136    As regards the sixth complaint in the sixth branch of the second ground of appeal, alleging that the General Court erred in law, in paragraph 130 of the judgment under appeal, in the application of the principles of sound administration and legal certainty, it must be borne in mind that, according to the settled case-law of the Court of Justice, the principle of legal certainty requires that any measure adopted by the EU institutions should be clear and precise, so as to enable the persons concerned to ascertain precisely what their rights and obligations are under the measure and to take steps accordingly (see, by analogy, judgment of 10 April 2014, Areva and Others v Commission, C‑247/11 P and C‑253/11 P, EU:C:2014:257, paragraph 128).

137    The General Court was therefore right to find, in paragraph 163 of the judgment under appeal, to which paragraph 130 thereof refers, that the principle of legal certainty does not require that an EU institution await the preparation of a specific scientific study before taking a decision, since such a delay is not capable of influencing the accuracy with which the persons concerned are in a position to ascertain their rights and obligations arising from that decision or to take steps accordingly.

138    Accordingly, the sixth complaint in the sixth branch of the second ground of appeal must be rejected as unfounded and, consequently, the sixth branch must be rejected in its entirety.

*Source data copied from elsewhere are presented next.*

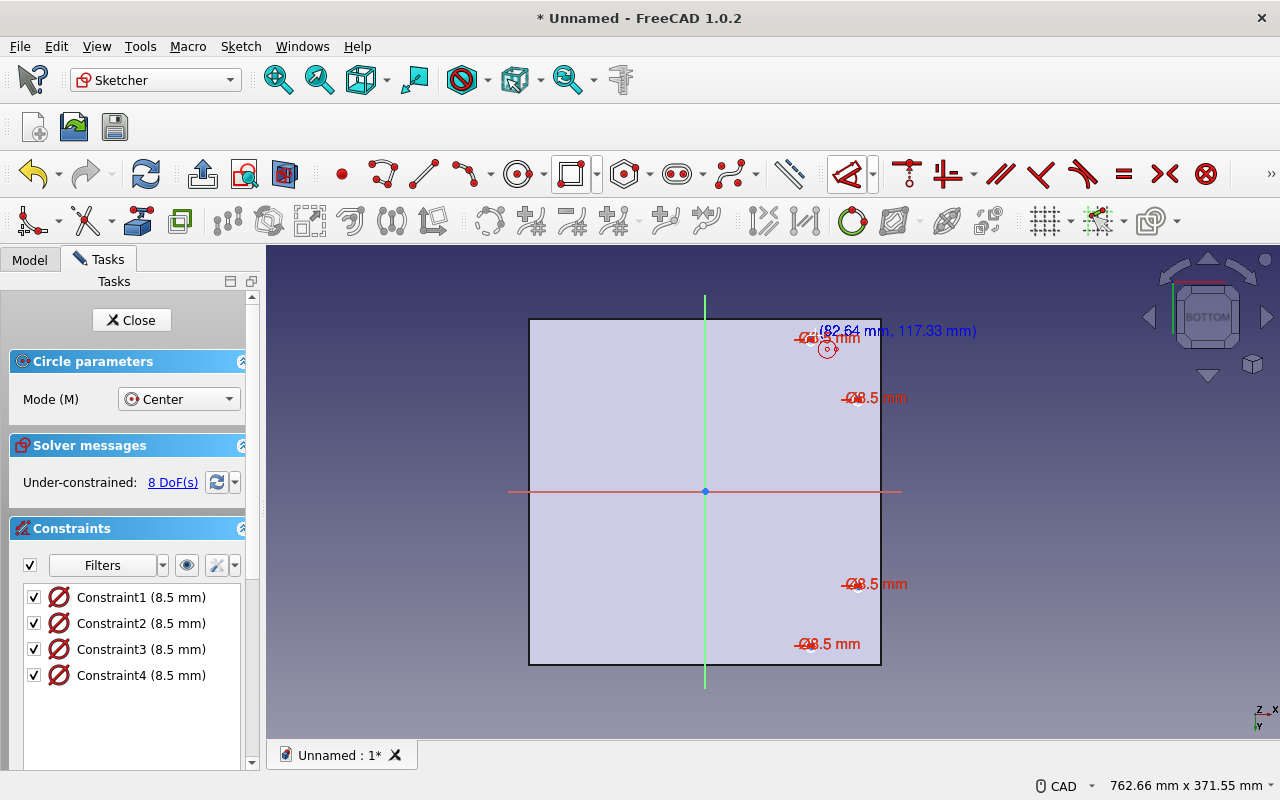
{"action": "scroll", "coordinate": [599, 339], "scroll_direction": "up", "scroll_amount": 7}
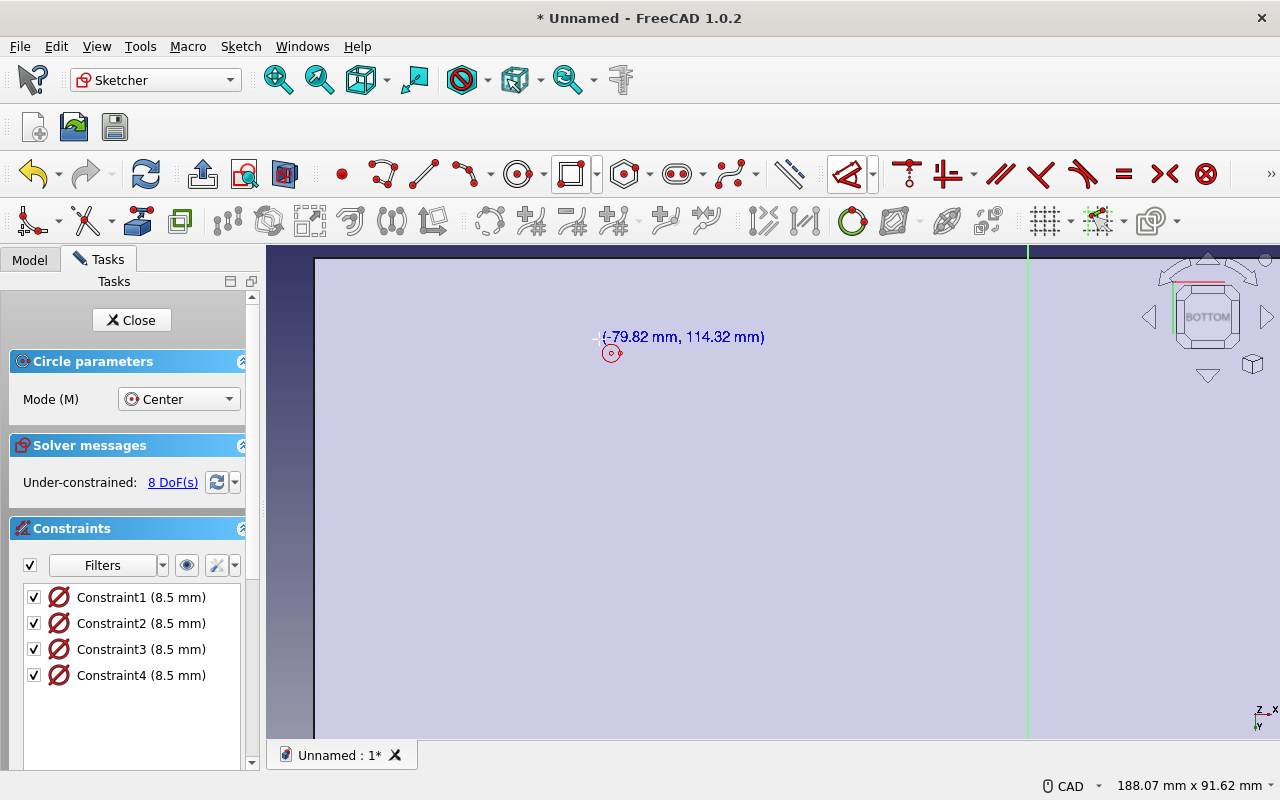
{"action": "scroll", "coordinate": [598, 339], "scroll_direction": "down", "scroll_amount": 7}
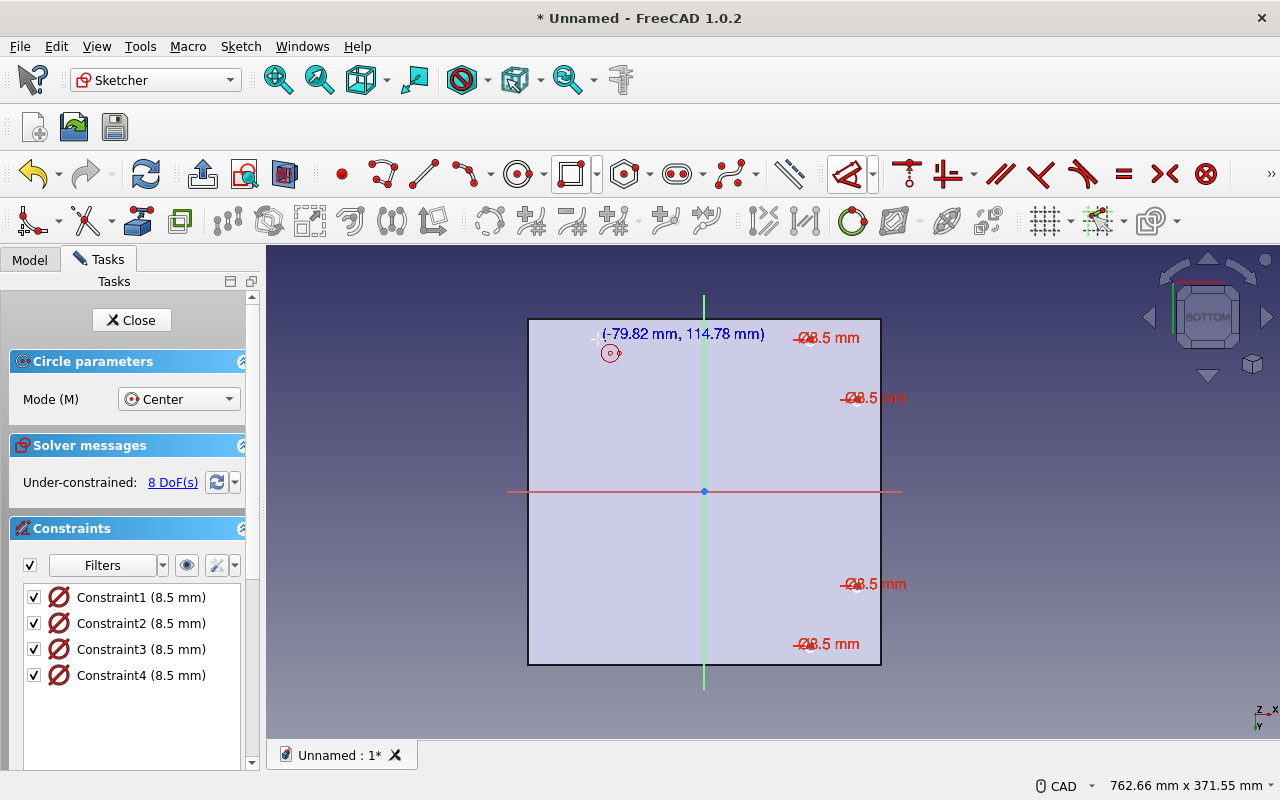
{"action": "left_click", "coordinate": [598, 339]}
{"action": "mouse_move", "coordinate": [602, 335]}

139    It follows that the second ground of appeal must be rejected as in part inadmissible and in part unfounded.

 The first ground of appeal, alleging misinterpretation of Article 57(f) of the REACH Regulation

140    The first ground of appeal is divided into two branches.

 The first branch of the first ground of appeal, alleging an error of law in the application of the plausibility test

–       Arguments of the parties

141    By the first branch of the first ground of appeal, the appellant submits that the word ‘plausibility’ is taken from the recommendations of the Commission’s Joint Research Centre (‘the JRC’). According to the JRC, the adverse effects on human health should have a biologically plausible link to an endocrine mode of action. However, the General Court wrongly extended, in paragraphs 92 to 94 and 99 of the judgment under appeal, the plausibility test to all the scientific evidence required under Article 57(f) of the REACH Regulation, when that test is relevant only in order to determine whether there is a link between a mode of action and the adverse effects attributed to a substance.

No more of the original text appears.